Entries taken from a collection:
= = = = = = =

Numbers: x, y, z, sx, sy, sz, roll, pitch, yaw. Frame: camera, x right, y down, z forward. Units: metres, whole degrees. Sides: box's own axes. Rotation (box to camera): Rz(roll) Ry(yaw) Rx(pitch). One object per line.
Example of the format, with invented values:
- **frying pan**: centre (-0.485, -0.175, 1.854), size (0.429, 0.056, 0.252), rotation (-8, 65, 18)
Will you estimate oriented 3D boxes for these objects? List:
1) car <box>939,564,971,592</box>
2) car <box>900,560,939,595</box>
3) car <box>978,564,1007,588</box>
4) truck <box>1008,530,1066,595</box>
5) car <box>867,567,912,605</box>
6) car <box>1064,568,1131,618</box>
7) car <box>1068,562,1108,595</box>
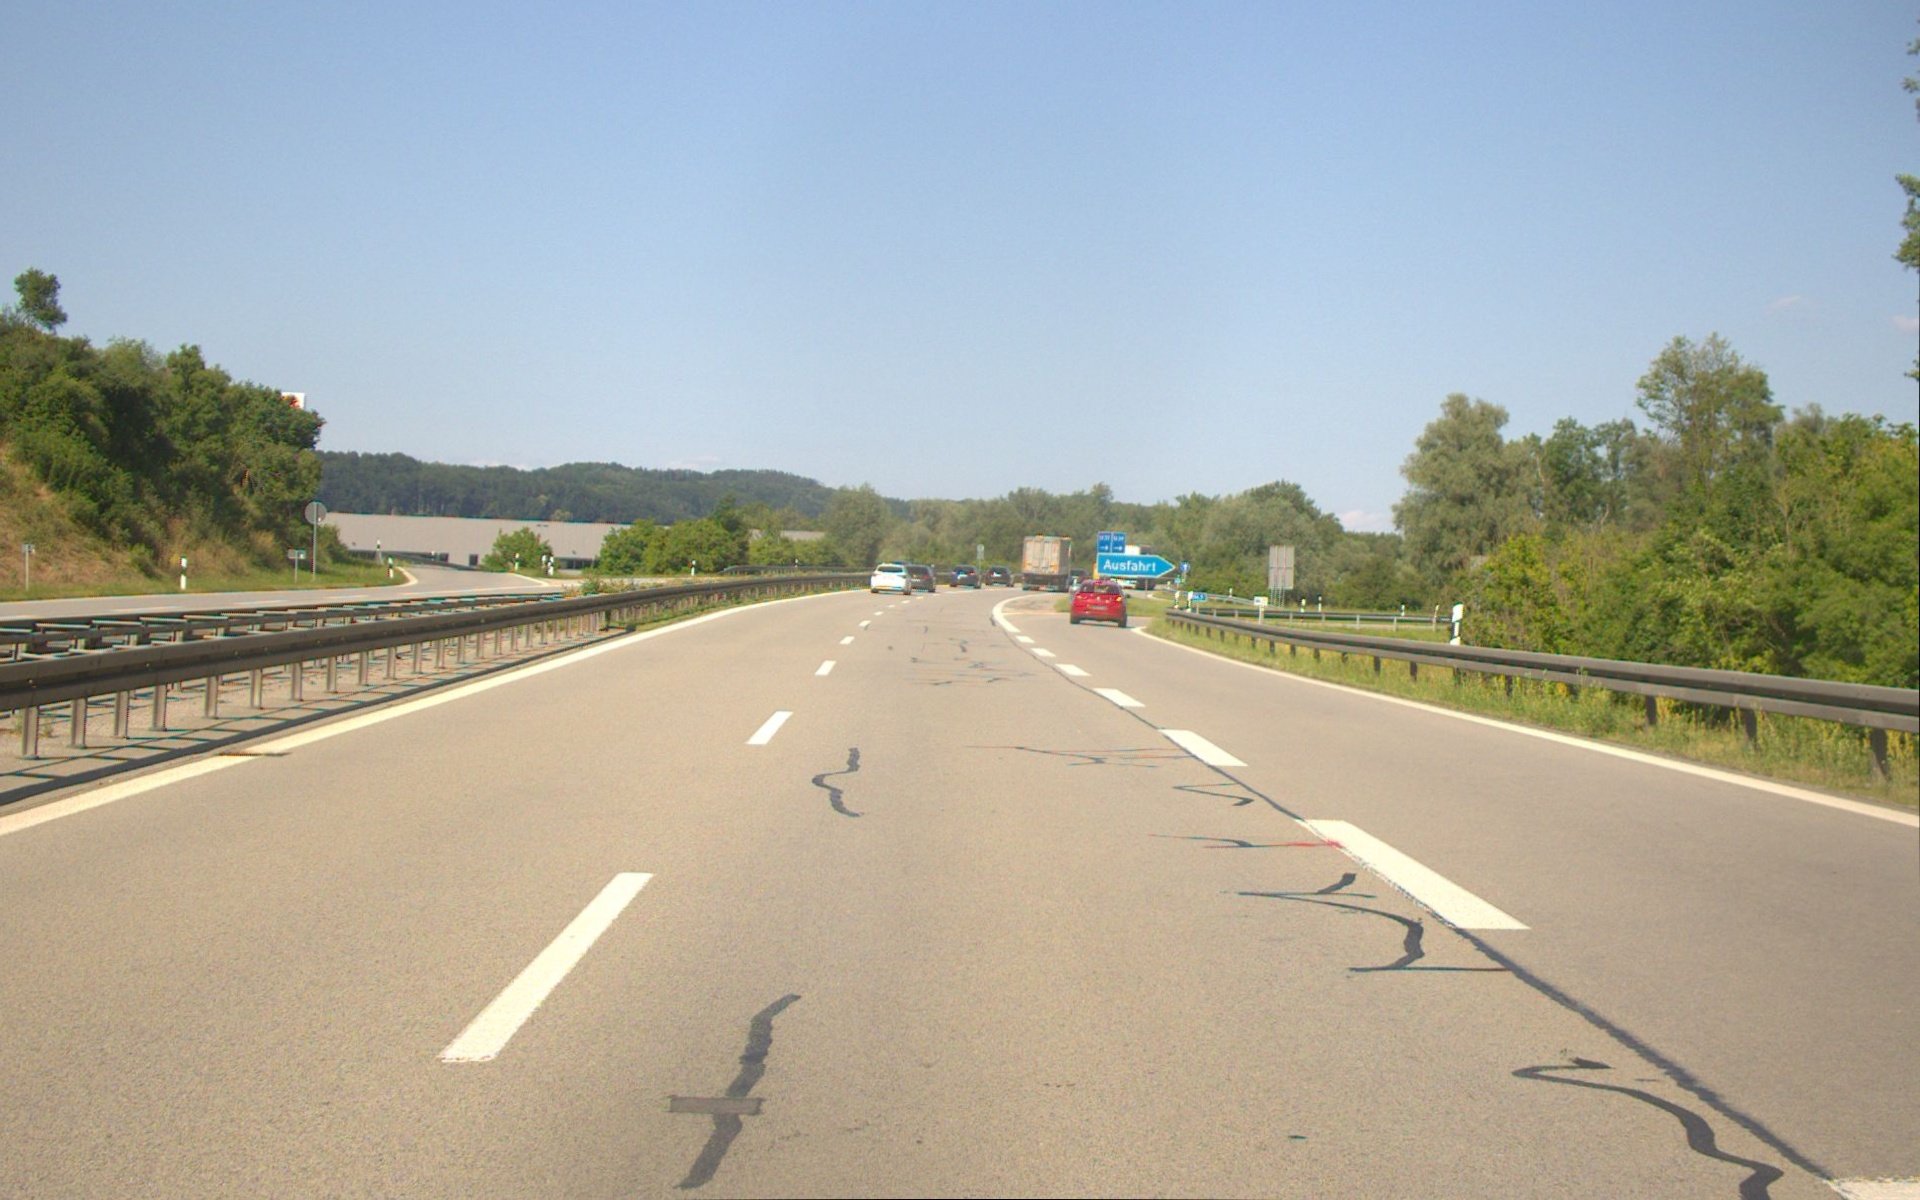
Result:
- **car**: centre (-0.367, -1.476, 225.012), size (1.993, 1.744, 4.000), rotation (2, 1, -1)
- **car**: centre (-2.121, -1.213, 181.780), size (1.993, 1.744, 4.000), rotation (2, 1, -1)
- **car**: centre (2.402, -1.786, 254.799), size (1.993, 1.744, 4.000), rotation (2, 1, 1)
- **truck**: centre (5.502, -2.680, 244.034), size (3.838, 4.382, 11.470), rotation (1, 1, 2)
- **car**: centre (-3.324, -0.666, 162.169), size (2.061, 1.619, 4.000), rotation (1, -2, 0)
- **car**: centre (4.447, -0.207, 110.742), size (1.784, 1.426, 3.999), rotation (5, 0, 6)
- **car**: centre (7.150, -1.195, 192.659), size (1.993, 1.744, 4.000), rotation (2, 1, -1)

= = = = = = =

With the images left out, output all the entries above exactly.

- **ANSWER BELOW**:
Numbers: x, y, z, sx, sy, sz, roll, pitch, yaw. Frame: camera, x right, y down, z forward. Units: metres, whole degrees. Sides: box's own axes. Rotation (box to camera): Rz(roll) Ry(yaw) Rx(pitch). One object per line.
Example of the format, with invented values:
- **frying pan**: centre (-0.485, -0.175, 1.854), size (0.429, 0.056, 0.252), rotation (-8, 65, 18)
Will you estimate oriented 3D boxes for these objects? List:
1) car <box>939,564,971,592</box>
2) car <box>900,560,939,595</box>
3) car <box>978,564,1007,588</box>
4) truck <box>1008,530,1066,595</box>
5) car <box>867,567,912,605</box>
6) car <box>1064,568,1131,618</box>
7) car <box>1068,562,1108,595</box>
Result:
- **car**: centre (-0.367, -1.476, 225.012), size (1.993, 1.744, 4.000), rotation (2, 1, -1)
- **car**: centre (-2.121, -1.213, 181.780), size (1.993, 1.744, 4.000), rotation (2, 1, -1)
- **car**: centre (2.402, -1.786, 254.799), size (1.993, 1.744, 4.000), rotation (2, 1, 1)
- **truck**: centre (5.502, -2.680, 244.034), size (3.838, 4.382, 11.470), rotation (1, 1, 2)
- **car**: centre (-3.324, -0.666, 162.169), size (2.061, 1.619, 4.000), rotation (1, -2, 0)
- **car**: centre (4.447, -0.207, 110.742), size (1.784, 1.426, 3.999), rotation (5, 0, 6)
- **car**: centre (7.150, -1.195, 192.659), size (1.993, 1.744, 4.000), rotation (2, 1, -1)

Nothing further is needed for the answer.